_Work request_
Produce a word-for-word copy of the listing below without its pictures.

_Records shown_
====
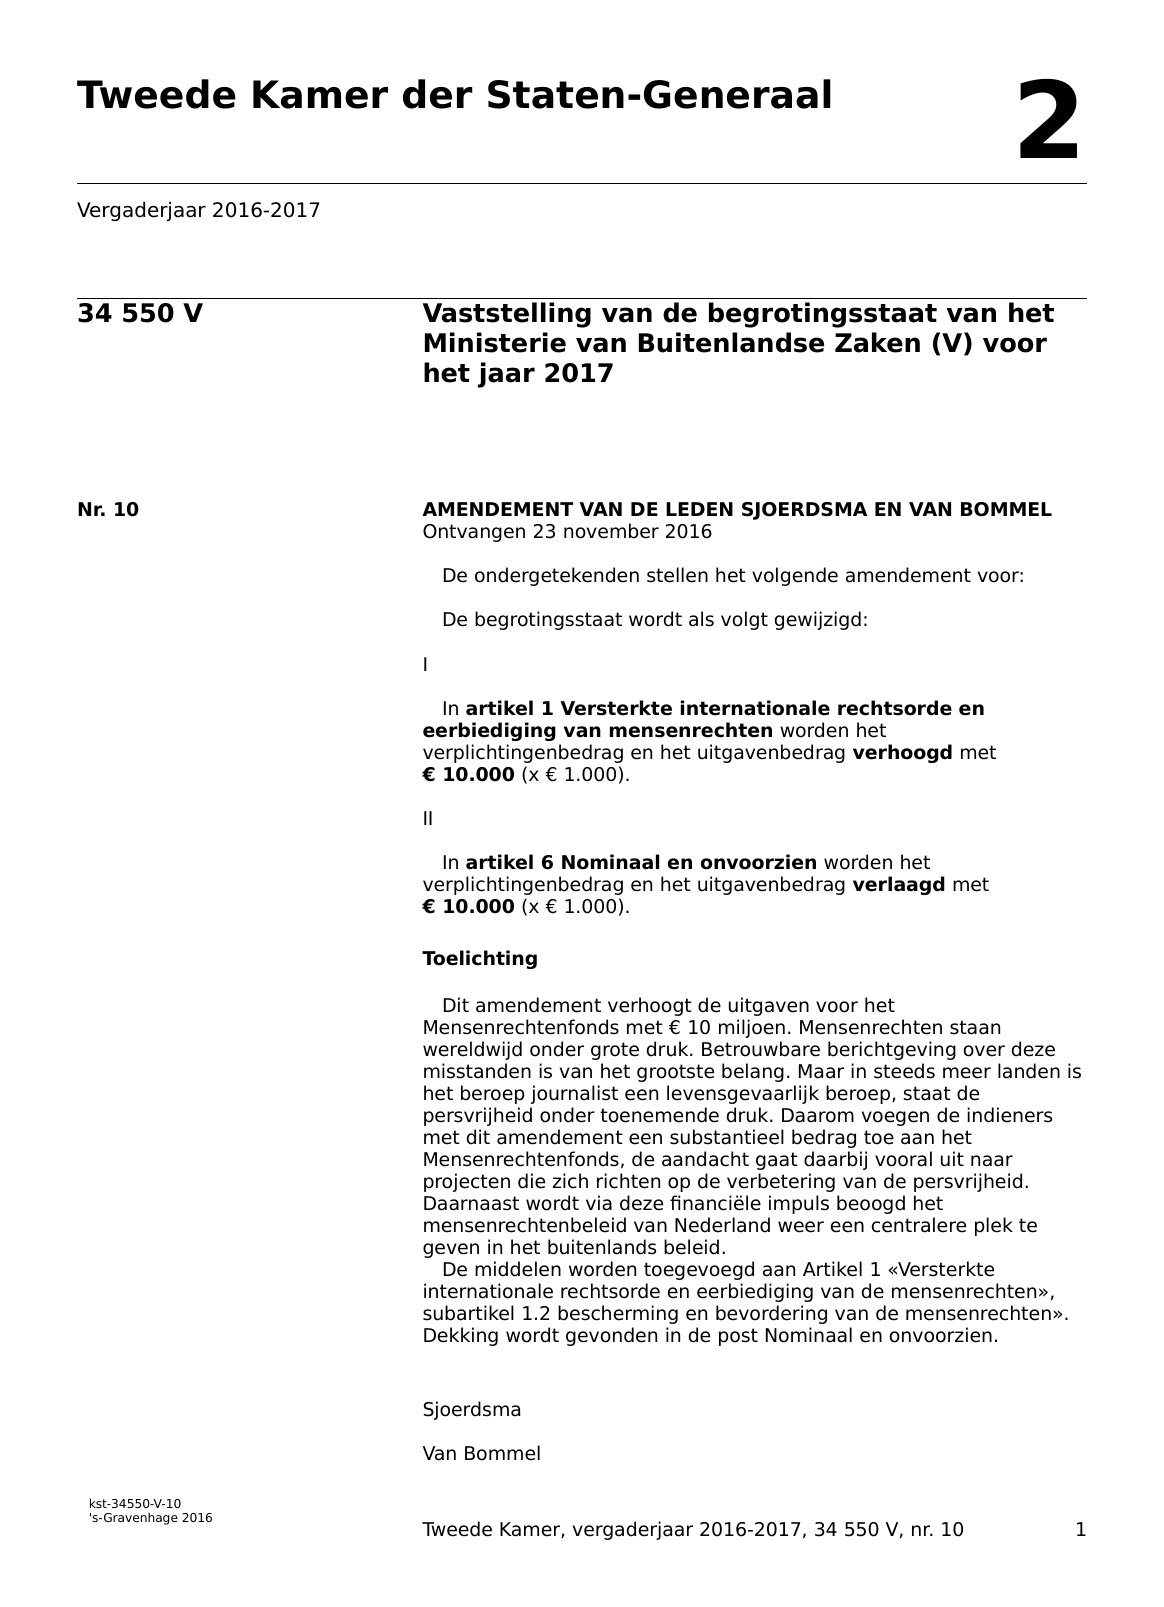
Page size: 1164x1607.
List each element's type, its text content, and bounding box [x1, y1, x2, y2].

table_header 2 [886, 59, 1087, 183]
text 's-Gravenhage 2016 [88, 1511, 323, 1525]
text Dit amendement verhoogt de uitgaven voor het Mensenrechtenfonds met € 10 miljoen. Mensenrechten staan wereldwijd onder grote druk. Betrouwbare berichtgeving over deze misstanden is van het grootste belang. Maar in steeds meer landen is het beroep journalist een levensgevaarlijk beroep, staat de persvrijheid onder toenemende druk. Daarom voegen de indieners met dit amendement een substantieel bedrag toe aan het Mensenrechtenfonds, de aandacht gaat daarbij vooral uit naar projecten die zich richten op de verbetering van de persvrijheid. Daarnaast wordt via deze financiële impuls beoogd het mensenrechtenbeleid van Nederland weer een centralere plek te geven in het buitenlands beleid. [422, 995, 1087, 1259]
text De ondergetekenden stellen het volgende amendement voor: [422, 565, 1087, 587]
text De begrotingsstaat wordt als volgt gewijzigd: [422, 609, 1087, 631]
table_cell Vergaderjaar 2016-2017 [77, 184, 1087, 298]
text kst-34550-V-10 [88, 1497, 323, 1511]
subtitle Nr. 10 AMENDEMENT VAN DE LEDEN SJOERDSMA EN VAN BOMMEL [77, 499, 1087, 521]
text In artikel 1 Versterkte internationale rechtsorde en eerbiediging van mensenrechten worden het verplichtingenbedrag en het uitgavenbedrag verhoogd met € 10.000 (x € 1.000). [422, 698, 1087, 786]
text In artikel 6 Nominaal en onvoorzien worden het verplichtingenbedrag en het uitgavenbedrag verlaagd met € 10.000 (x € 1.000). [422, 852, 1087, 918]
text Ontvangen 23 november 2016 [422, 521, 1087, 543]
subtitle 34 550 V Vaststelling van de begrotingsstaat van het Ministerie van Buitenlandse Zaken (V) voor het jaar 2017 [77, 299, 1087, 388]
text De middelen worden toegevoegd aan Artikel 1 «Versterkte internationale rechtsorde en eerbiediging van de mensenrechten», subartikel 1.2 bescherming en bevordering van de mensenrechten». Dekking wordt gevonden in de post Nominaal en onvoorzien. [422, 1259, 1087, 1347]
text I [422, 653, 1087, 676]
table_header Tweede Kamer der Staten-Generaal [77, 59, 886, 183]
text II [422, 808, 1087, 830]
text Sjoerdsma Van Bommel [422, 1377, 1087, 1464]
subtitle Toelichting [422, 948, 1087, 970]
====
_Response box_
Page size: 1164x1607.
List each element's type, its text content, and bounding box [x1, y1, x2, y2].

table_header 2 [886, 59, 1087, 183]
text 's-Gravenhage 2016 [88, 1511, 323, 1525]
text Dit amendement verhoogt de uitgaven voor het Mensenrechtenfonds met € 10 miljoen. Mensenrechten staan wereldwijd onder grote druk. Betrouwbare berichtgeving over deze misstanden is van het grootste belang. Maar in steeds meer landen is het beroep journalist een levensgevaarlijk beroep, staat de persvrijheid onder toenemende druk. Daarom voegen de indieners met dit amendement een substantieel bedrag toe aan het Mensenrechtenfonds, de aandacht gaat daarbij vooral uit naar projecten die zich richten op de verbetering van de persvrijheid. Daarnaast wordt via deze financiële impuls beoogd het mensenrechtenbeleid van Nederland weer een centralere plek te geven in het buitenlands beleid. [422, 995, 1087, 1259]
text De ondergetekenden stellen het volgende amendement voor: [422, 565, 1087, 587]
text De begrotingsstaat wordt als volgt gewijzigd: [422, 609, 1087, 631]
table_cell Vergaderjaar 2016-2017 [77, 184, 1087, 298]
text kst-34550-V-10 [88, 1497, 323, 1511]
subtitle Nr. 10 AMENDEMENT VAN DE LEDEN SJOERDSMA EN VAN BOMMEL [77, 499, 1087, 521]
text In artikel 1 Versterkte internationale rechtsorde en eerbiediging van mensenrechten worden het verplichtingenbedrag en het uitgavenbedrag verhoogd met € 10.000 (x € 1.000). [422, 698, 1087, 786]
text In artikel 6 Nominaal en onvoorzien worden het verplichtingenbedrag en het uitgavenbedrag verlaagd met € 10.000 (x € 1.000). [422, 852, 1087, 918]
text Ontvangen 23 november 2016 [422, 521, 1087, 543]
subtitle 34 550 V Vaststelling van de begrotingsstaat van het Ministerie van Buitenlandse Zaken (V) voor het jaar 2017 [77, 299, 1087, 388]
text De middelen worden toegevoegd aan Artikel 1 «Versterkte internationale rechtsorde en eerbiediging van de mensenrechten», subartikel 1.2 bescherming en bevordering van de mensenrechten». Dekking wordt gevonden in de post Nominaal en onvoorzien. [422, 1259, 1087, 1347]
text I [422, 653, 1087, 676]
table_header Tweede Kamer der Staten-Generaal [77, 59, 886, 183]
text II [422, 808, 1087, 830]
text Sjoerdsma Van Bommel [422, 1377, 1087, 1464]
subtitle Toelichting [422, 948, 1087, 970]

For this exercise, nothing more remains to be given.